Nada atormenta mais os homens modernos do que o reflexo da sua própria impotência
Será que engordei durante essa quarentena? Difícil dizer. Não tenho balança. Rebentei com ela, dez anos atrás, durante uma crise bulímica. Mas existem sinais: quando me levanto, descubro que a silhueta do meu corpo ficou cavada no colchão —uns dez centímetros de profundidade, não mais.
Se as coisas continuarem assim, ainda vou dar um contributo inestimável para a física quântica: conseguir, ao mesmo tempo, acordar na cama e no chão. Decadente?
Admito. Mas o estado do meu corpo é bastante semelhante ao estado do mundo, pelo menos na tese de Ross Douthat.
Apresentações: Ross Douthat, como colunista do New York Times, é a voz da razão. O seu mais recente livro, “The Decadent Society” (a sociedade decadente), é a prova.
Tese dele: desde 1970 que vivemos em estado de decadência. Não inovamos; repetimos. Não avançamos; andamos em círculos. Esse não é o sentimento comum?
Fato. Temos a sensação de que a velocidade tomou conta de tudo. Aparência. É muito ruído por nada: as mudanças significativas são mais raras.
Imaginemos o seguinte cenário: um americano, em casa, em 1890. Subitamente, o mesmo americano é levado para 1950, aterrando no meio de telefones, rádios, geladeiras, lava-louças —e com automóveis cruzando as ruas. É motivo para infarto.
Agora imaginemos o mesmo americano saltando de 1950 para 2020. Excetuando a decoração, o que mudou?
Verdade: existe a internet. Impossível negar essa proeza. Mas Ross Douthat pergunta: você preferia viver no mundo que existiu até 2002 (o que inclui, apesar de tudo, laptop com Windows 98 e até acesso à Amazon), abrindo mão de tudo que veio depois; ou, pelo contrário, você preferia o mundo pós-2002, com Twitter, Facebook ou iPad, mas sem banheiro em casa?
Eis o ponto do autor: nos séculos 19 e 20, a humanidade conheceu o “sublime tecnológico”. Do caminho de ferro ao avião, da bomba atômica à chegada do homem à Lua, sem esquecer a anatomia de Rita Hayworth (opinião pessoal), o progresso foi gigantesco, alucinante —e sublime.
Mas, tirando a internet, onde estão os carros voadores que nos prometeram? Onde está aquele resort turístico em Marte? Onde está a cura do câncer? Onde está a imortalidade?
E, já agora, pergunto: onde estão as vacinas contra os mil vírus que sempre circularam por aí —e que, subitamente, paralisam o mundo e nos obrigam a regressar às quarentenas da Idade Média?
Ross Douthat explica: nas décadas de 1990 e 2000, as farmacêuticas gastaram cada vez mais dinheiro em pesquisa, aprovando cada vez menos medicamentos. A partir de 2010, o declínio tem sido ainda mais acentuado.
É também por isso que, suspeita minha, a obsessão corrente com a cloroquina na luta contra a Covid-19 não nasce apenas da ignorância.

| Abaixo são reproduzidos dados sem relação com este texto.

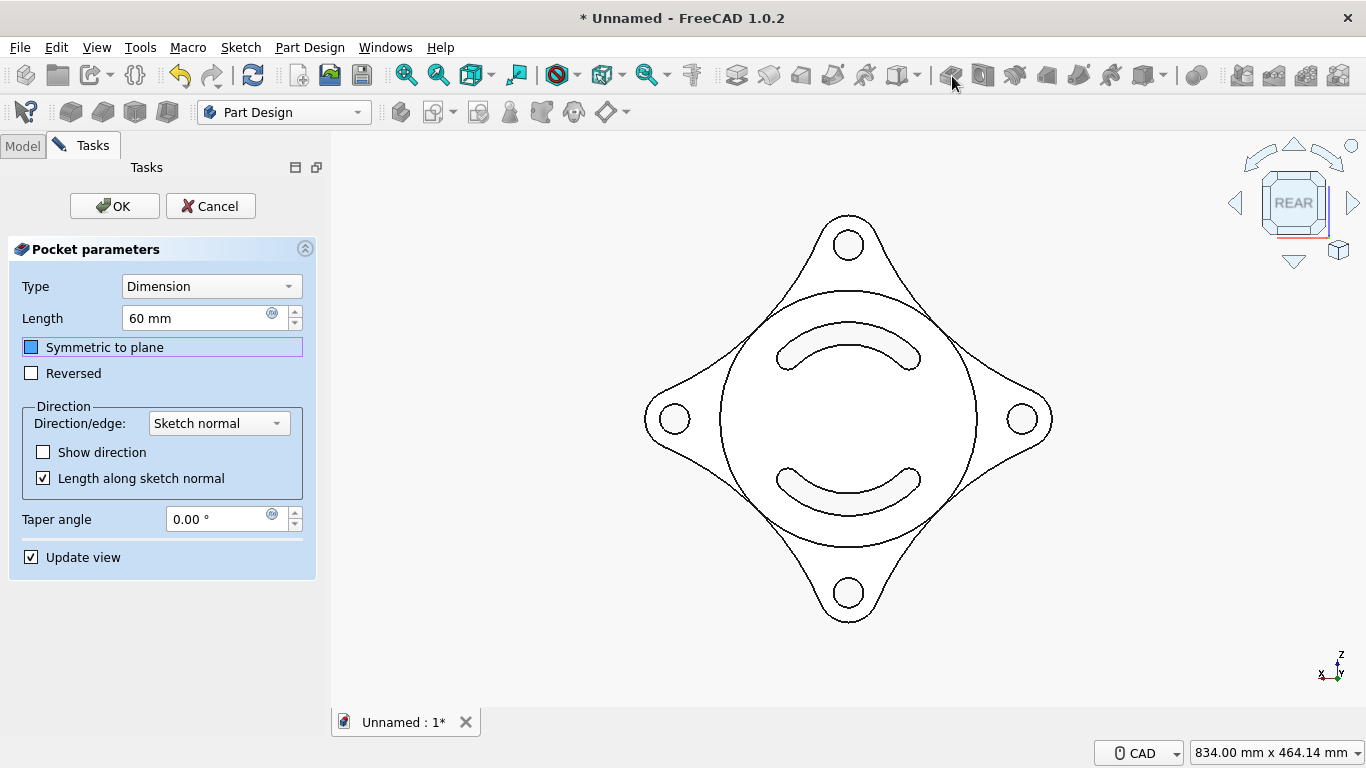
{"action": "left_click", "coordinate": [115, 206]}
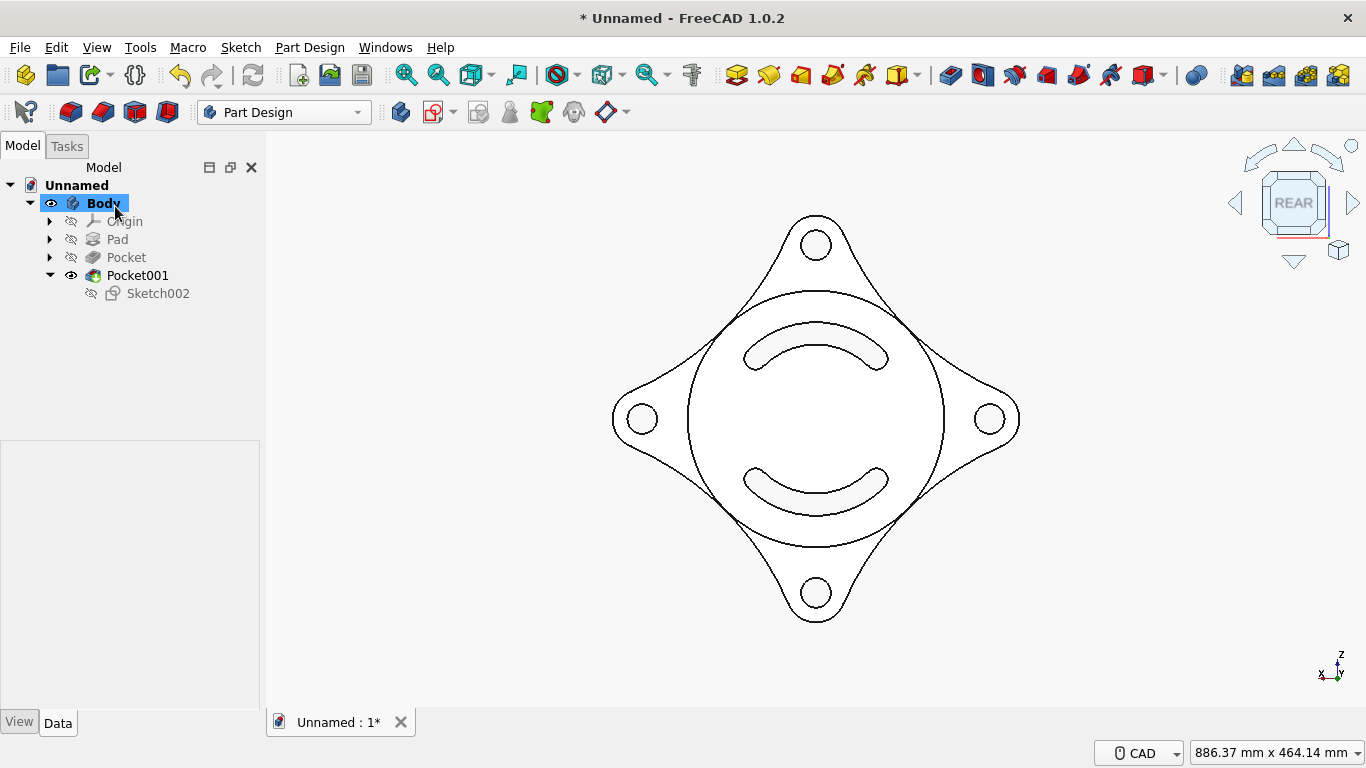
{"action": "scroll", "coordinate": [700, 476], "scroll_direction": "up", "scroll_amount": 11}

Também se explica com uma mistura de medo e desespero de que a vacina milagrosa, a existir, não será para amanhã de manhã. E nada atormenta mais os homens modernos do que o reflexo da sua própria impotência.
Como sair daqui?
Sim, como reativar o renascimento das artes; a pujança da demografia; a vitalidade das instituições políticas; e, pormenor delicioso, a própria vivacidade da música pop (conta Douthat que, nos últimos anos, as canções que fizeram sucesso revelaram um declínio no número de acordes e, até, no número de novas transições entre acordes)?
Essa, talvez, é a grande observação do livro: a decadência pode durar anos, décadas, séculos. Uma espécie de purgatório, sem grandes alegrias ou tristezas, mas perfeitamente habitável e até confortável, no sentido básico da palavra.
Como o poeta W.H. Auden gostava de recordar, o que nos fascina e aterroriza na história do Império Romano não foi o fato de ele ter terminado; foi ter continuado, durante quatro séculos, sem criatividade, afeição ou esperança.
A repetição circular, a sensação de esterilidade tão própria das nossas sociedades afluentes, onde a gritaria política e a pornografia são os tópicos com maior ibope na internet (duas formas de onanismo e nada mais), não tem prazo de validade.
Exceto se, pelo caminho, o imprevisto acontecer e o torpor atual se desintegrar, exigindo uma forma diferente de viver e de encontrar respostas. Será que esse vírus e o futuro ainda desconhecido que ele traz no ventre podem ser os bárbaros de que estávamos à espera?
João Pereira Coutinho
Escritor, doutor em ciência política pela Universidade Católica Portuguesa.